1. Nuwa was killed by OOM but camera (oom_adj=2) application is still alive.
2. Nuwa was killed by OOM but camera (oom_adj=2) and communication (oom_adj=1) are still alive.

In these two cases, LMK didn't work due to free+cache is still higher than threshold, but OOM was been trigger due to free memory is only 1360KB.
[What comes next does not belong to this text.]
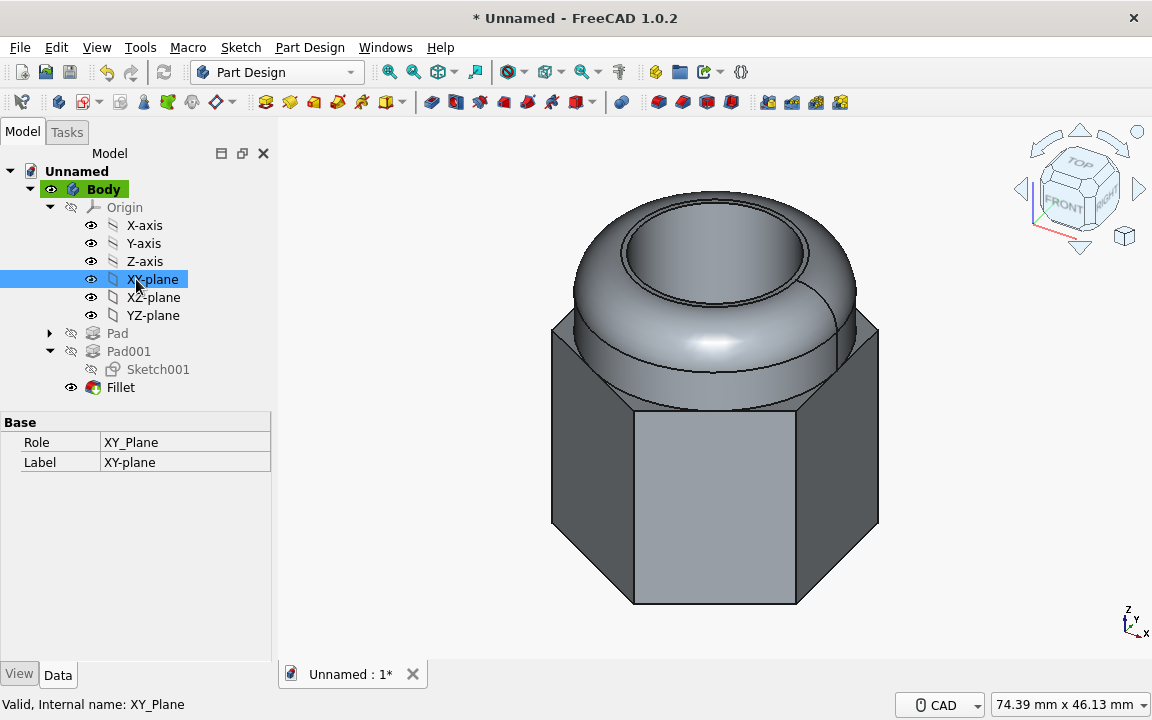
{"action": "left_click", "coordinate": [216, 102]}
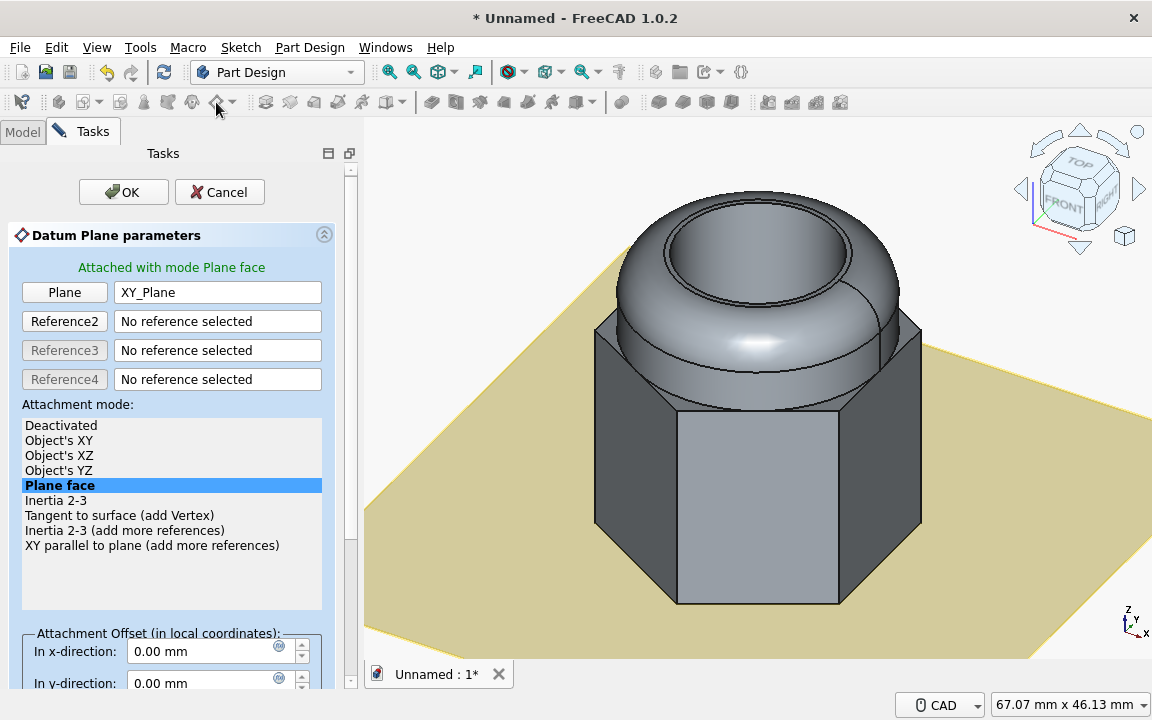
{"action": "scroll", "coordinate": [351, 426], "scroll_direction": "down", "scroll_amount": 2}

Low-memory killer parameters:
  notify_trigger 14336 KB
  oom_adj min_free
        0  4096 KB
        1  5120 KB
        2  6144 KB
        6  7168 KB
        8  8192 KB
       10 20480 KB

Moreover, with this LMK setting, homescreen (oom_adj=8) at background won't be killed by LMK due to threshold of oom_adj=8 is 8192KB, it's hard to reach it.
Comment on attachment 8405281 [details]
mtlog_monkey_0411.tar.gz

Attached kernel log and memory information.
I had a monkey test from last night with the following LMK setting and b2g hasn't been killed during the test. 
---
  oom_adj min_free
        0  1024 KB
        1  2048 KB
        2  4096 KB
        6  6144 KB
        8 16384 KB
       10 20480 KB
---

But, with this set of values, backgroup process will be killed earlier. I think it'll be better also have anohter test where min_free is 10240KB for oom_adj=8.
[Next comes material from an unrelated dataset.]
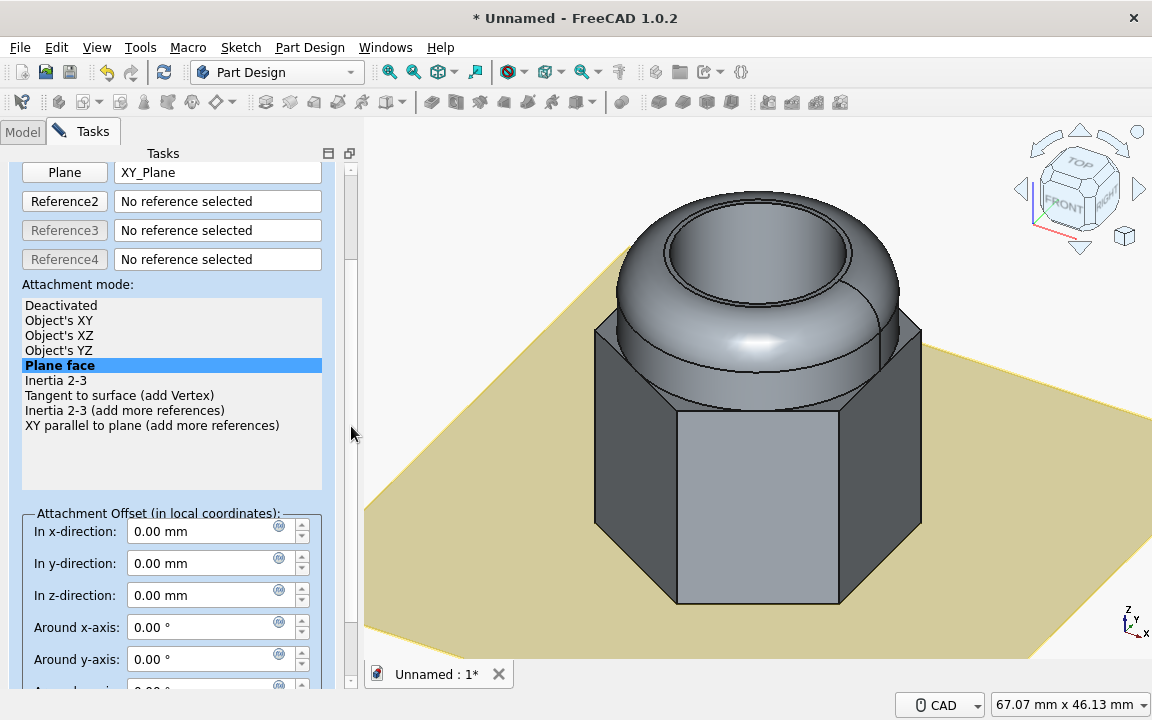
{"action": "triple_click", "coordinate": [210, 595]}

BTW, I also think "/proc/sys/vm/min_free_kbytes" should be less that min_free of oom_adj=0.
Attached file updated log
updated log
I find oom-killer was involved mostly by userspace process.
But LMK was involved mostly by kswapd, sometimes by userspace process.
If LMK could be involved when userspace process allocated memory.
The problem will gone.
/20140418130229/kernel$ grep -ir 'invoked lowmemorykiller' kernel.log  -c
77

/20140418130229/kernel$ grep -ir 'kswapd0 invoked lowmemorykiller' kernel.log  -c
65

Here, oom-killer should happen. 
/20140418130229/kernel$ grep -ir 'invoked oom-killer' kernel.log  -c
59

Now,there are 2 suspicions .
1. LMK was not called by memory_shrink at all;
2. LMK was called by memory_shrink, but not meet the condition of kill process.

I will add some log to check this.
04-18 22:07:55.506 <4>0[ 3933.657617] kswapd0 invoked lowmemorykiller: gfp_mask=0xd0, oom_adj=0, oom_score_adj=0
04-18 22:07:55.506 <4>0[ 3933.657678] Backtrace: 
04-18 22:07:55.506 <4>0[ 3933.657745] [<c4537ad8>] (dump_backtrace+0x0/0x110) from [<c4889f0c>] (dump_stack+0x18/0x1c)
04-18 22:07:55.506 <4>0[ 3933.657813]  r7:c70f3f78 r6:000000d0 r5:c15c57a0 r4:c70f2000
04-18 22:07:55.506 <4>0[ 3933.657901] [<c4889ef4>] (dump_stack+0x0/0x1c) from [<c4779804>] (lowmem_shrink+0x460/0x528)
04-18 22:07:55.506 <4>0[ 3933.657978] [<c47793a4>] (lowmem_shrink+0x0/0x528) from [<c45a45c8>] (shrink_slab+0x114/0x1c0)
04-18 22:07:55.506 <4>0[ 3933.658051] [<c45a44b4>] (shrink_slab+0x0/0x1c0) from [<c45a4bfc>] (kswapd+0x588/0x924)
04-18 22:07:55.506 <4>0[ 3933.658122] [<c45a4674>] (kswapd+0x0/0x924) from [<c456b7d0>] (kthread+0x8c/0x94)
04-18 22:07:55.506 <4>0[ 3933.658192] [<c456b744>] (kthread+0x0/0x94) from [<c45547a4>] (do_exit+0x0/0x5fc)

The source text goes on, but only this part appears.